Last season I tested a Bear Attack at my local BPS. Upon releasing the first arrow all heck broke loose. String jumped cam and bow basically blew up in my hands. I looked down and string filleted my forearm open like a bluegill. Luckily was not deep but skin was flapped over and looked nasty. Quick version of story is that BPS washed their hands of situation and corporate offered a mere apology for my pain and suffering. They stated it was not their issue to deal with and Bear would be responsible. Now to this day I don't know if the bow was defective or if guy at BPS did something wrong when he changed out module for my draw length. I contacted Bear and they were VERY concerned about the issue obviously since someone was injured with their product. I sent them photos of the injury and the scarring after it healed. End result? They sent me a complete setup of top of the line everything. Blacked out Bear Attack Bow and all the trophy ridge accessories I needed including arrows and bh's. In return I signed a waiver not holding them responsible for any future problems with my injury. I accepted their offer because I was lucky and wounds were more superficial than permanent. But they went above and beyond my expectations to do whatever it took to keep me as a customer. I would expect anyone having issues with the Carnage will be happy in the end. 

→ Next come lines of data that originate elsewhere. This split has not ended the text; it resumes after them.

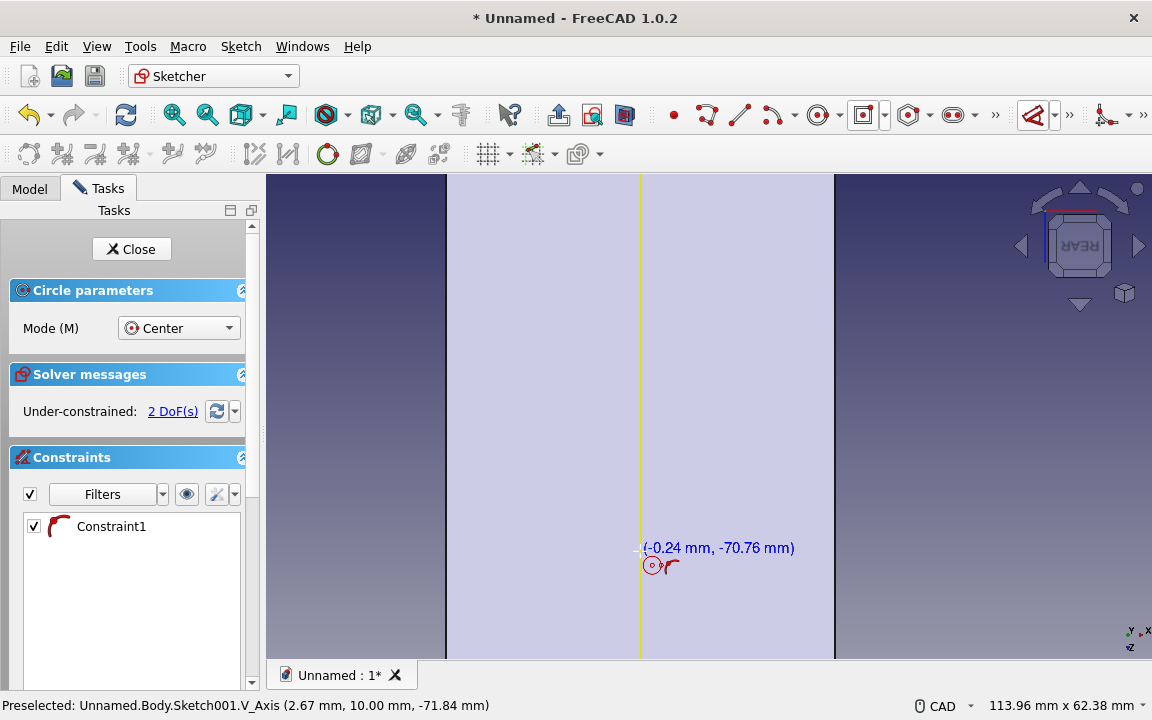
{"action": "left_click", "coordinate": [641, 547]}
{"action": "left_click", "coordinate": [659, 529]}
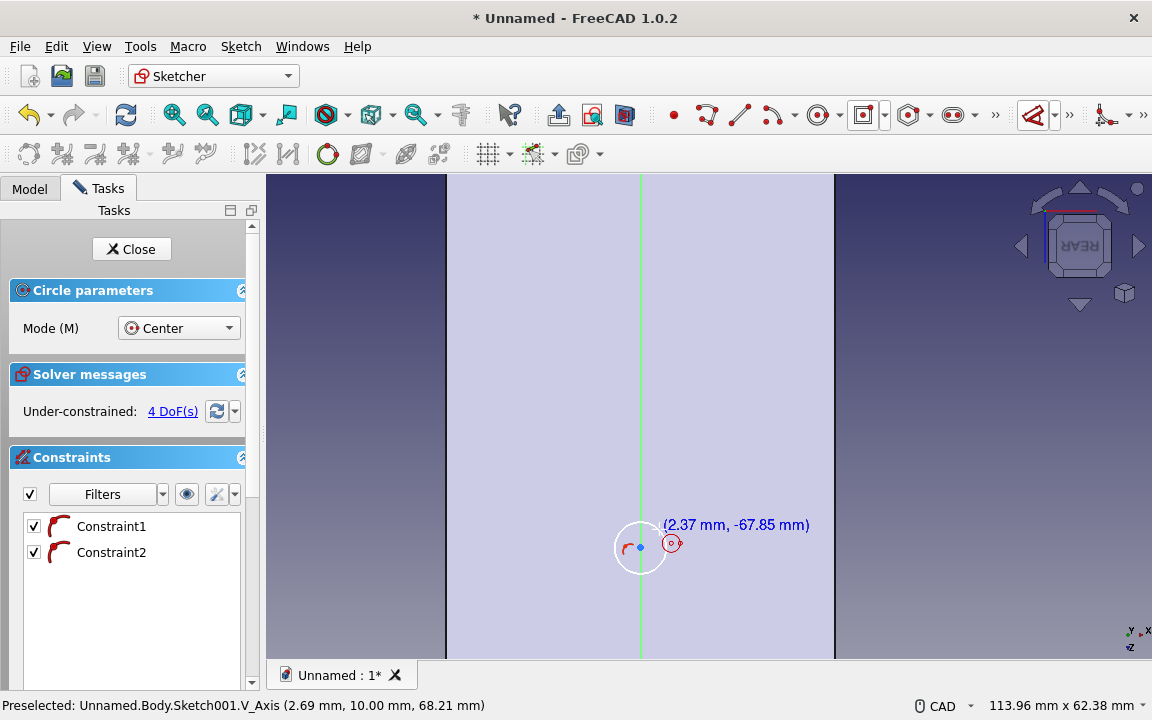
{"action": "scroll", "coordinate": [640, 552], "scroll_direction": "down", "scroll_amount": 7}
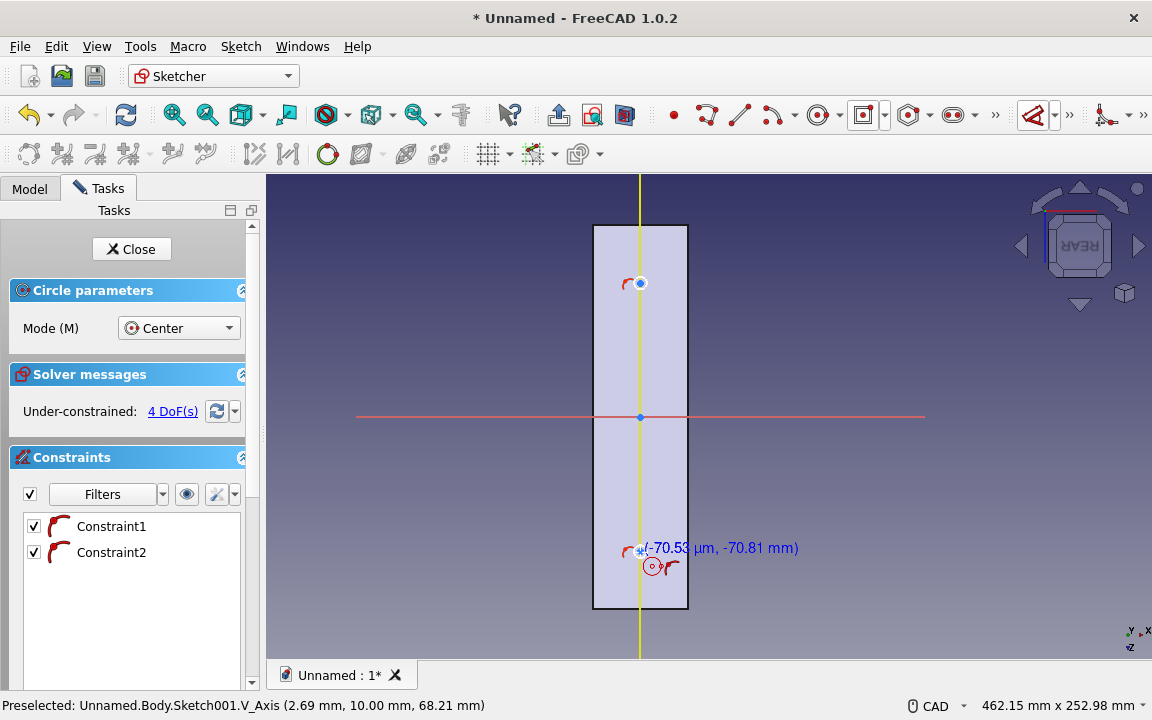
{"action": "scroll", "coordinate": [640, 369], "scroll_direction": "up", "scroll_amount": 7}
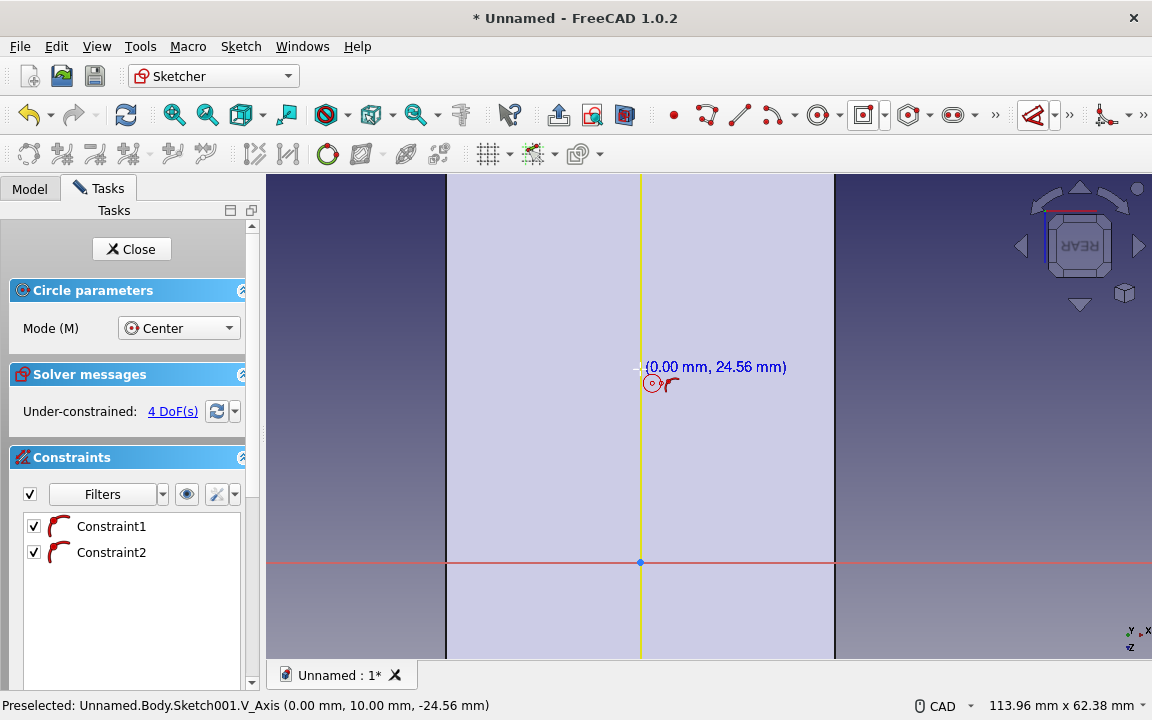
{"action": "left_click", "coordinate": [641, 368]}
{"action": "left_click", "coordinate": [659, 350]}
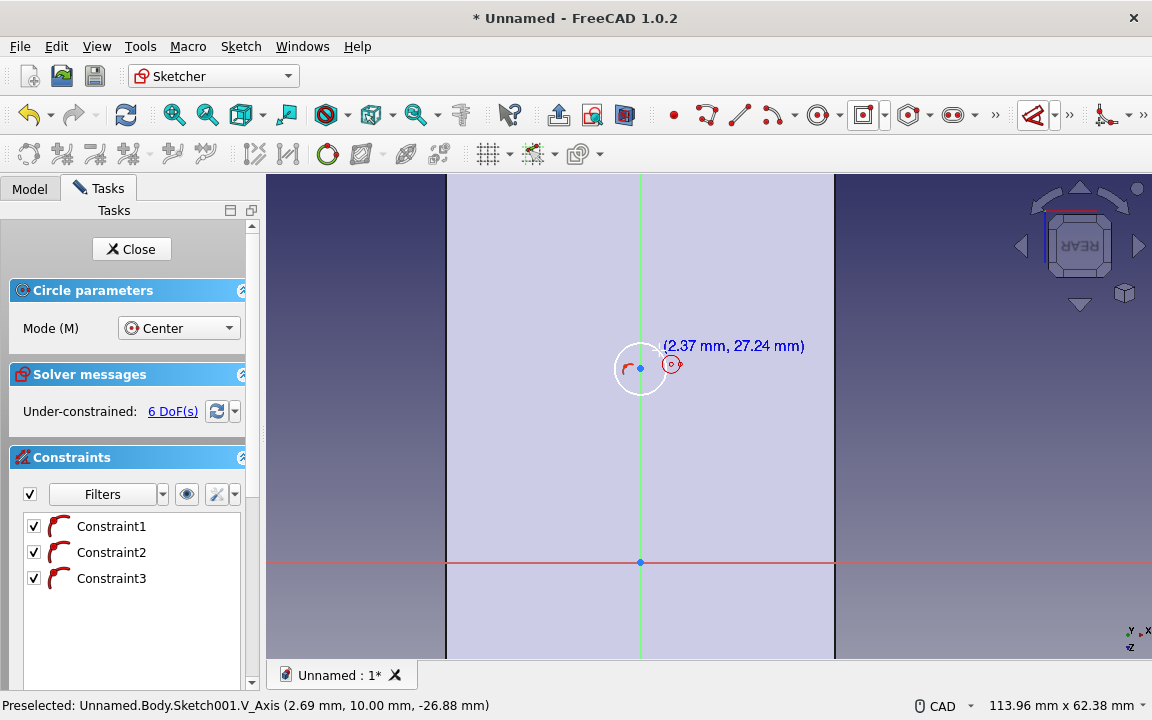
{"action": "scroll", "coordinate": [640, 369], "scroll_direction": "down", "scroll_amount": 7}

Sent from my iPhone using Tapatalk


----------



## dontdrinkthekoo (Jul 25, 2010)

SluggoFrogger1 said:


> But they went above and beyond my expectations to do whatever it took to keep me as a customer. I would expect anyone having issues with the Carnage will be happy in the end.


Sluggo, I couldn't agree with you more. I have been shooting Bear bows for years and spoken directly with them on numerous occasions. If I had to bet on any company correcting a mistake with honesty and integrity, it would be Bear Archery.


----------



## Benconfused (Apr 8, 2013)

Not sure if first thread post went through or not.

Im a lefty, Getting back into the sport and was really set on the carnage, until I read this thread. Was hoping to score one used now that they're discontinued.

Is there any way to tell by serial number or year of release on the ones on eBay or Craig's if those models were after bear recalled them and fixed the problem?

Thanks for any input you can offer. If not, any recommendations equivalent to the carnage would also be a plus.


----------